No use crying over a spilt father, she always said. Only once had she let him look at the things in this box: a photograph of a man who had been his father somehow. A bunch of old coins, fobs, jeweled cuff links, and the pocket watch. He craved the watch. That first time, when she’d let him sit on the floor and touch everything in the box while she lay on her bed, propped on one elbow watching him, he’d dangled it on its chain in front of her eyes, making it swing, like a hypnotist: You are getting very sleepy.
She said, “El tiempo cura y nos mata.” Time cures you first, and then it kills you.
Strictly speaking, these things are yours, she’d told him. But strictly speaking they were not even hers, she’d scooped them up in a hurry without asking, when she left and ran off to Mexico. “In case we needed something to sell later on, if we fell on hard times.” If they fell on something harder than Enrique, she must have meant.
Now the watch she’d stolen was stolen again: a double-cross. He’d crept in her room and taken it while she was in the parlor laughing at the tailor’s jokes, lolling her head back on the silk sofa. Among all the treasures in the box, he’d only needed that one. The time that cures you first, and later stops everything that’s happening in your heart.

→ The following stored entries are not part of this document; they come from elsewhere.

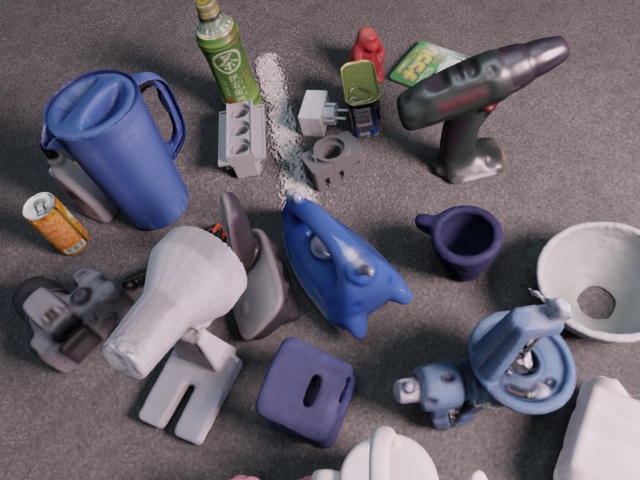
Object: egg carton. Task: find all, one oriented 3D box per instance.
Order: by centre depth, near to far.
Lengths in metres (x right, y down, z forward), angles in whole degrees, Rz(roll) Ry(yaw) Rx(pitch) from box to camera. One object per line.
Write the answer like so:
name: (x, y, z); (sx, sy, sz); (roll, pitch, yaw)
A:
egg carton: (0.321, 0.228, 0.621); (0.107, 0.069, 0.150); (19, 63, 22)

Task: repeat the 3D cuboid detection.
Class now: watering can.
watering can: (0.078, 0.248, 0.580); (0.173, 0.194, 0.100); (-18, 56, -1)

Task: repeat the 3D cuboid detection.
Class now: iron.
iron: (0.007, 0.003, 0.783); (0.119, 0.142, 0.257); (-36, 58, -12)

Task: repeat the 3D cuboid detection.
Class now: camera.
camera: (-0.371, 0.092, 0.823); (0.136, 0.101, 0.143); (30, 68, 26)

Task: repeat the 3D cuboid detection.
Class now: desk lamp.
desk lamp: (-0.167, 0.117, 0.700); (0.117, 0.214, 0.203); (14, 62, 19)

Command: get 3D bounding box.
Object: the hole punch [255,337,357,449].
hole punch: (-0.013, 0.185, 0.700); (0.101, 0.091, 0.109); (14, 61, 19)

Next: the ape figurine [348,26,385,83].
ape figurine: (0.085, -0.335, 1.015); (0.076, 0.092, 0.078); (32, 69, 27)

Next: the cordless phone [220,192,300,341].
cordless phone: (-0.096, 0.035, 0.756); (0.094, 0.185, 0.147); (-22, 56, -4)

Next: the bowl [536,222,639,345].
bowl: (0.353, 0.063, 0.718); (0.167, 0.075, 0.167); (-5, 57, 8)

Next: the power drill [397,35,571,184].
power drill: (0.226, -0.179, 0.817); (0.229, 0.209, 0.075); (-14, 56, 2)

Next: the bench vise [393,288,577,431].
bench vise: (0.188, 0.141, 0.612); (0.207, 0.220, 0.121); (-29, 57, -8)

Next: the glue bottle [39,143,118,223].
glue bottle: (-0.389, -0.094, 0.903); (0.078, 0.173, 0.037); (18, 63, 21)

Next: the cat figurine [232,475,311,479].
cat figurine: (-0.063, 0.289, 0.627); (0.127, 0.118, 0.067); (-12, 56, 3)

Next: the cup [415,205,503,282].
cup: (0.182, 0.010, 0.772); (0.117, 0.095, 0.092); (22, 64, 23)
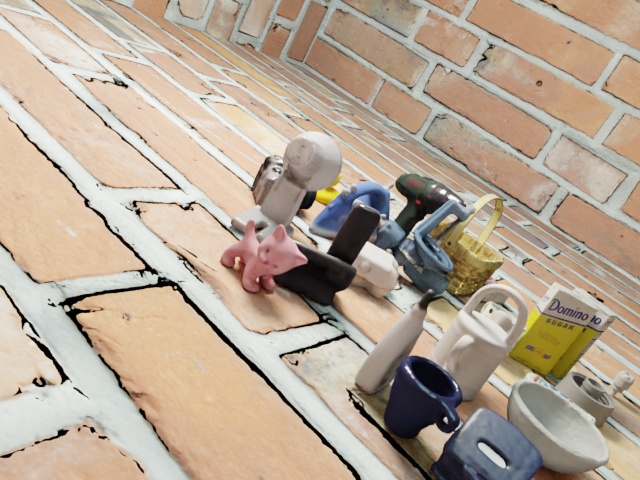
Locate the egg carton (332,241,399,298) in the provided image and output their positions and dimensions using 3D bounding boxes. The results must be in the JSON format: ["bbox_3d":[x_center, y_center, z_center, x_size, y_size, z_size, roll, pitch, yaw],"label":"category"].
[{"bbox_3d":[0.085,0.049,1.131,0.150,0.069,0.107,29,21,0],"label":"egg carton"}]

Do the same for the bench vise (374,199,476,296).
[{"bbox_3d":[0.220,-0.007,1.223,0.208,0.219,0.121,24,21,-12],"label":"bench vise"}]

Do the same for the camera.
[{"bbox_3d":[-0.070,-0.119,1.275,0.137,0.100,0.143,21,22,-21],"label":"camera"}]

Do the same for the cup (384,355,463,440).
[{"bbox_3d":[0.132,0.224,0.751,0.092,0.095,0.117,17,24,-30],"label":"cup"}]

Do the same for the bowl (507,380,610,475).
[{"bbox_3d":[0.353,0.301,0.888,0.168,0.074,0.167,25,21,-10],"label":"bowl"}]

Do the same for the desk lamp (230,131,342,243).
[{"bbox_3d":[-0.052,-0.109,1.117,0.118,0.213,0.203,31,21,6],"label":"desk lamp"}]

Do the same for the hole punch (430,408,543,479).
[{"bbox_3d":[0.213,0.283,0.724,0.108,0.091,0.101,39,23,25],"label":"hole punch"}]

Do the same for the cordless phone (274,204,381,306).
[{"bbox_3d":[0.009,0.003,0.974,0.148,0.185,0.094,23,21,-15],"label":"cordless phone"}]

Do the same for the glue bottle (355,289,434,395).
[{"bbox_3d":[0.116,0.140,0.813,0.037,0.173,0.078,40,23,26],"label":"glue bottle"}]

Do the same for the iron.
[{"bbox_3d":[0.083,-0.078,1.321,0.118,0.141,0.259,40,23,26],"label":"iron"}]

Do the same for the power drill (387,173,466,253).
[{"bbox_3d":[0.231,-0.053,1.360,0.076,0.208,0.229,15,25,-33],"label":"power drill"}]

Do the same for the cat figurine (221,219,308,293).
[{"bbox_3d":[-0.085,0.018,0.914,0.127,0.117,0.067,42,24,31],"label":"cat figurine"}]

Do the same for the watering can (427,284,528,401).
[{"bbox_3d":[0.263,0.155,0.939,0.101,0.194,0.173,32,21,7],"label":"watering can"}]

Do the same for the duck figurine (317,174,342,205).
[{"bbox_3d":[0.025,-0.140,1.468,0.105,0.086,0.077,24,21,-13],"label":"duck figurine"}]
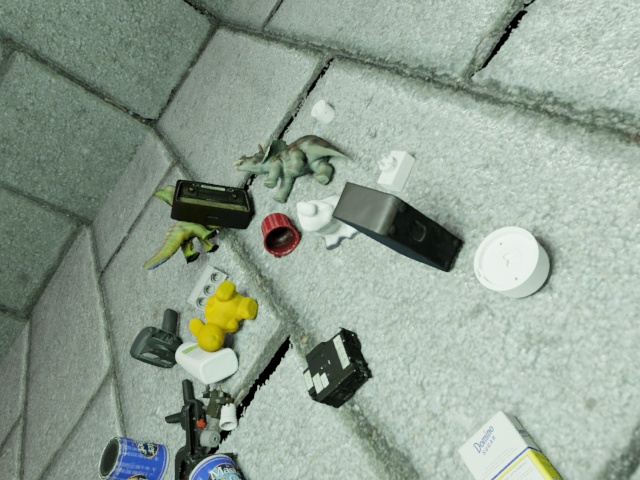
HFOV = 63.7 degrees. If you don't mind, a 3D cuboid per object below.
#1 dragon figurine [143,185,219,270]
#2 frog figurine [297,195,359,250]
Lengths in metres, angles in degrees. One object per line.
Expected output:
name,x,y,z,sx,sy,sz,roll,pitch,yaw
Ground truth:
dragon figurine,-0.423,-0.065,1.588,0.245,0.415,0.120,48,127,14
frog figurine,0.004,-0.059,1.179,0.136,0.157,0.125,-9,57,47
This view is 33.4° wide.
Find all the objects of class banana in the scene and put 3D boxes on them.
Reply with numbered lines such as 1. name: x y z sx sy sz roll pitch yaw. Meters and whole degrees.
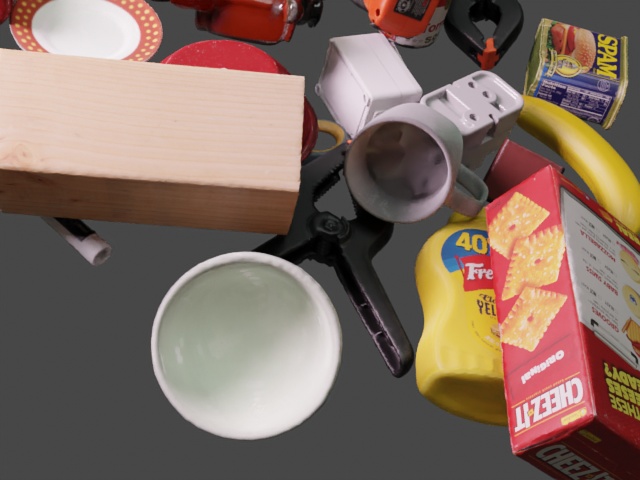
1. banana: 0.231 -0.066 0.937 0.069 0.037 0.198 -8 52 -23

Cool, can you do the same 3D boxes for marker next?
1. marker: -0.200 -0.024 0.784 0.121 0.020 0.020 39 50 19

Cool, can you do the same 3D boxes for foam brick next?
1. foam brick: 0.163 -0.049 0.867 0.053 0.051 0.078 28 9 5

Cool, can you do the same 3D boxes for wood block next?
1. wood block: -0.118 -0.065 0.747 0.206 0.090 0.091 4 70 -6

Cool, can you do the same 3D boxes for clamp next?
1. clamp: 0.169 -0.243 1.065 0.120 0.039 0.171 -13 59 2
2. clamp: -0.005 0.001 0.807 0.164 0.036 0.210 12 49 -5

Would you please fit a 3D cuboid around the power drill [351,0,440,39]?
1. power drill: 0.047 -0.275 0.952 0.057 0.184 0.188 7 25 -37

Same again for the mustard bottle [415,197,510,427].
1. mustard bottle: 0.117 0.041 0.791 0.096 0.058 0.191 17 45 -14

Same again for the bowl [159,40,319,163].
1. bowl: -0.080 -0.113 0.859 0.162 0.055 0.162 2 45 -3

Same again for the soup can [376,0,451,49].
1. soup can: 0.094 -0.241 1.011 0.068 0.102 0.068 9 47 -9

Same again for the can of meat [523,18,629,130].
1. can of meat: 0.242 -0.160 1.013 0.084 0.057 0.102 15 46 2

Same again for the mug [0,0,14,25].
1. mug: -0.305 -0.227 0.897 0.117 0.093 0.081 -12 54 16

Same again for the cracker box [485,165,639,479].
1. cracker box: 0.195 0.076 0.733 0.164 0.072 0.213 33 40 -29

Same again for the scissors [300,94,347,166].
1. scissors: -0.045 -0.059 0.863 0.096 0.016 0.201 23 46 8
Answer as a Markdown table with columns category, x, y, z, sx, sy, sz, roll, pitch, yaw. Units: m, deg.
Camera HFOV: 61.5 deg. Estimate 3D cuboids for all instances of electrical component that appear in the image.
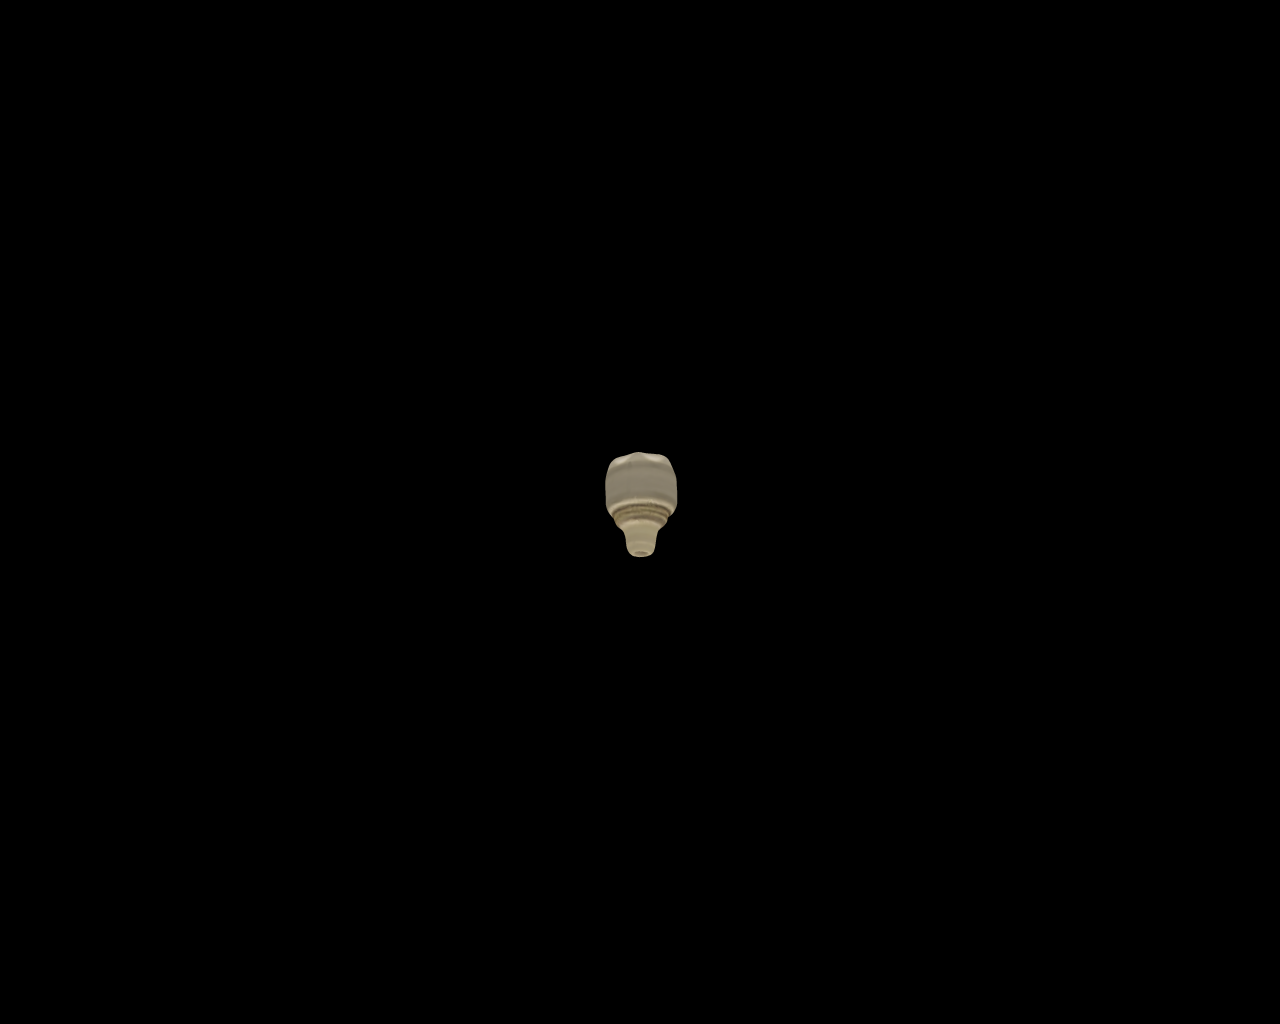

The blue fog of Tuxtlan cigars came out of the library and filled the whole house. Two Americans had come back with Enrique this time, to fumigate the southern shores of Mexico with their smoke and endless talk: the election campaign, Ortíz Rubio, that disaster Vasconcelos. Gringos always made Enrique nervous, and Salomé excited. She poured cognac in their glasses and let them see her chest when she leaned over. One looked, the other never did. Both were said to have wives. At midnight they went out for a walk on the beach, in their fedoras and leather shoes. Salomé collapsed in a chair, all the flapper draining out of her.